EXERCISE PROMPT: Looking at the listing beneath, work out how many lines hold "each" and report only that figure.

──────── SUPPLIED INFORMATION ────────

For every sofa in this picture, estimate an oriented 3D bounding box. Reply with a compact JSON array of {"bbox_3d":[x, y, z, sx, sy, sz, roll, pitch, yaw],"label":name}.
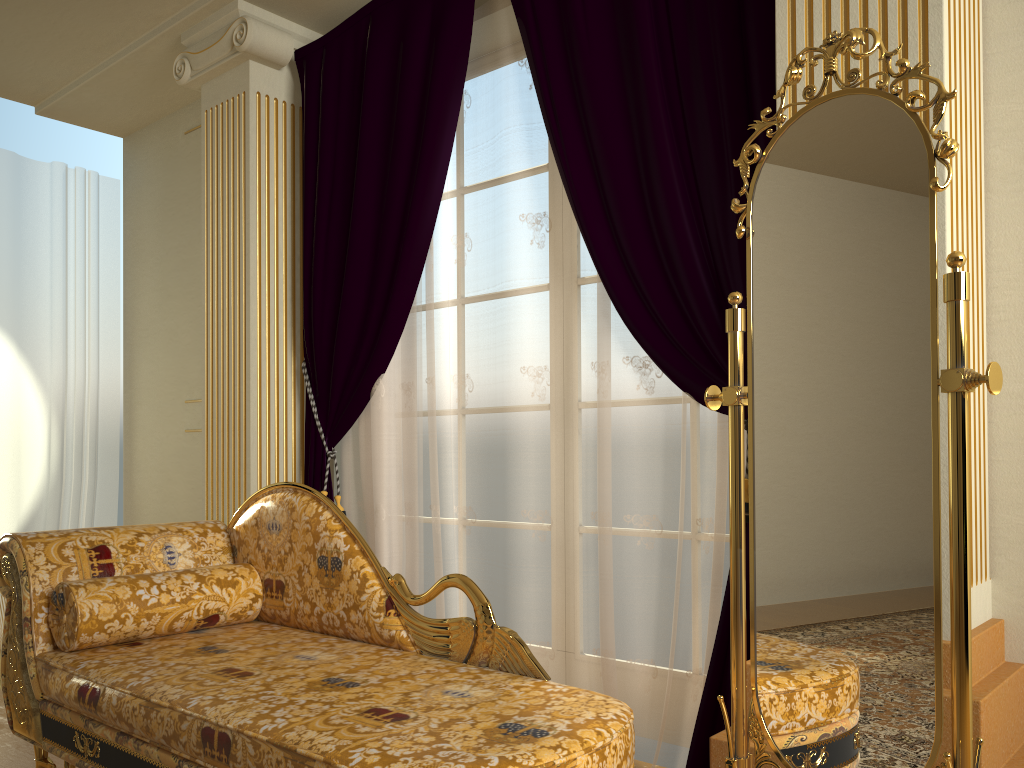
[{"bbox_3d":[-0.586,0.686,2.177,1.896,0.869,0.694,-4,-4,41],"label":"sofa"}]

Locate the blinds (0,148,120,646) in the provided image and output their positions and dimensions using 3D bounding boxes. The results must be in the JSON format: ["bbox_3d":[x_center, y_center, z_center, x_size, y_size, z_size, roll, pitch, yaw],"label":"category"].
[{"bbox_3d":[-2.858,0.046,4.072,0.164,2.501,2.168,-1,-2,43],"label":"blinds"}]

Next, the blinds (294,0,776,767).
[{"bbox_3d":[-0.012,-0.138,2.963,2.238,2.648,0.339,-3,-2,42],"label":"blinds"}]

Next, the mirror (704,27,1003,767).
[{"bbox_3d":[0.577,0.215,1.571,0.243,1.697,0.542,0,-1,-39],"label":"mirror"}]
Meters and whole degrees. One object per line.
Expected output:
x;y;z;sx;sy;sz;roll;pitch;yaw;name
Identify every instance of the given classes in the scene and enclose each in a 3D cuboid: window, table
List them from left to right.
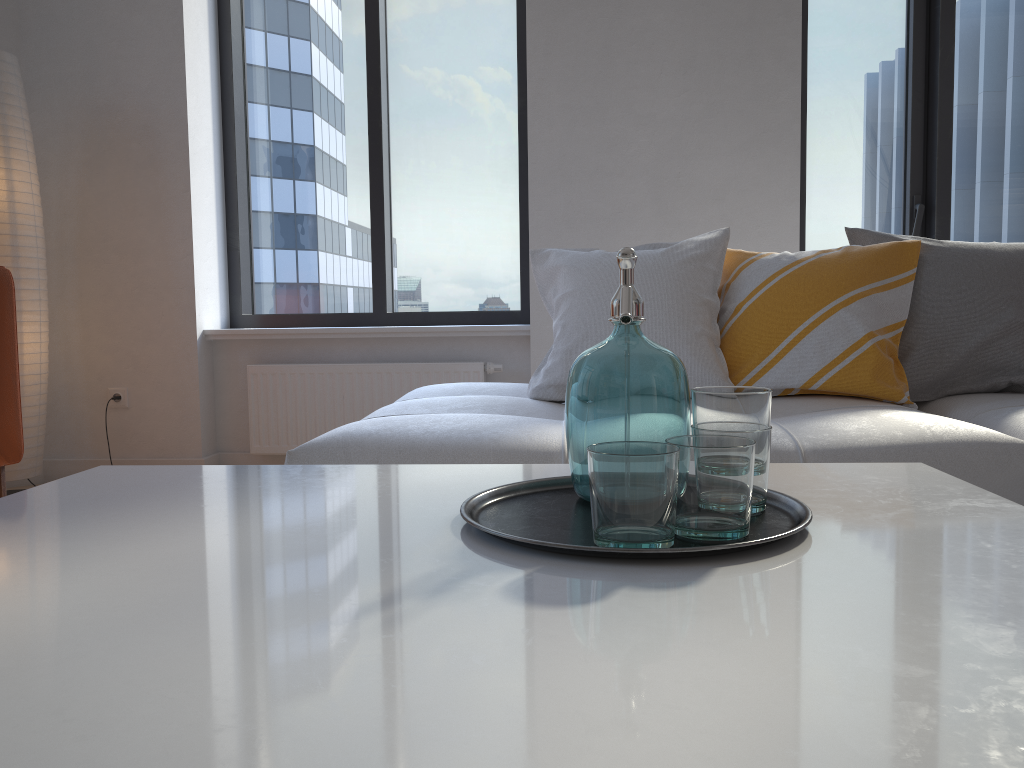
-0.569;-1.445;3.740;1.310;2.402;0.170;-1;4;4;window
-0.051;0.365;0.649;1.091;0.435;1.091;-1;4;4;table
1.727;-1.467;3.586;1.310;2.402;0.170;-1;4;4;window

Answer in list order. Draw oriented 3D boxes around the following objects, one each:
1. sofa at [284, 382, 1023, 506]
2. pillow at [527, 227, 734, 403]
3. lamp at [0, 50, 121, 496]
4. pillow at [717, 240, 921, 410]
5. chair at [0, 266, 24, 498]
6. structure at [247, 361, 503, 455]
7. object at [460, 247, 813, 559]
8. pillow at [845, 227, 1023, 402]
0.839;0.184;1.041;2.614;0.732;3.424;-1;4;4;sofa
0.914;-0.152;1.830;2.156;0.456;0.580;2;5;30;pillow
-1.586;-0.355;3.145;0.804;1.550;0.502;-4;6;-36;lamp
1.151;-0.120;1.617;0.630;0.440;2.095;-4;6;-39;pillow
-1.919;0.061;2.303;0.843;0.858;0.896;2;6;36;chair
-0.538;0.146;3.532;1.015;0.460;0.110;-1;4;4;structure
0.113;-0.003;0.844;0.330;0.265;0.330;2;5;28;object
1.321;-0.093;0.981;0.647;0.453;2.953;-2;5;-8;pillow

────────

RESULT FOR THIS TASK: 2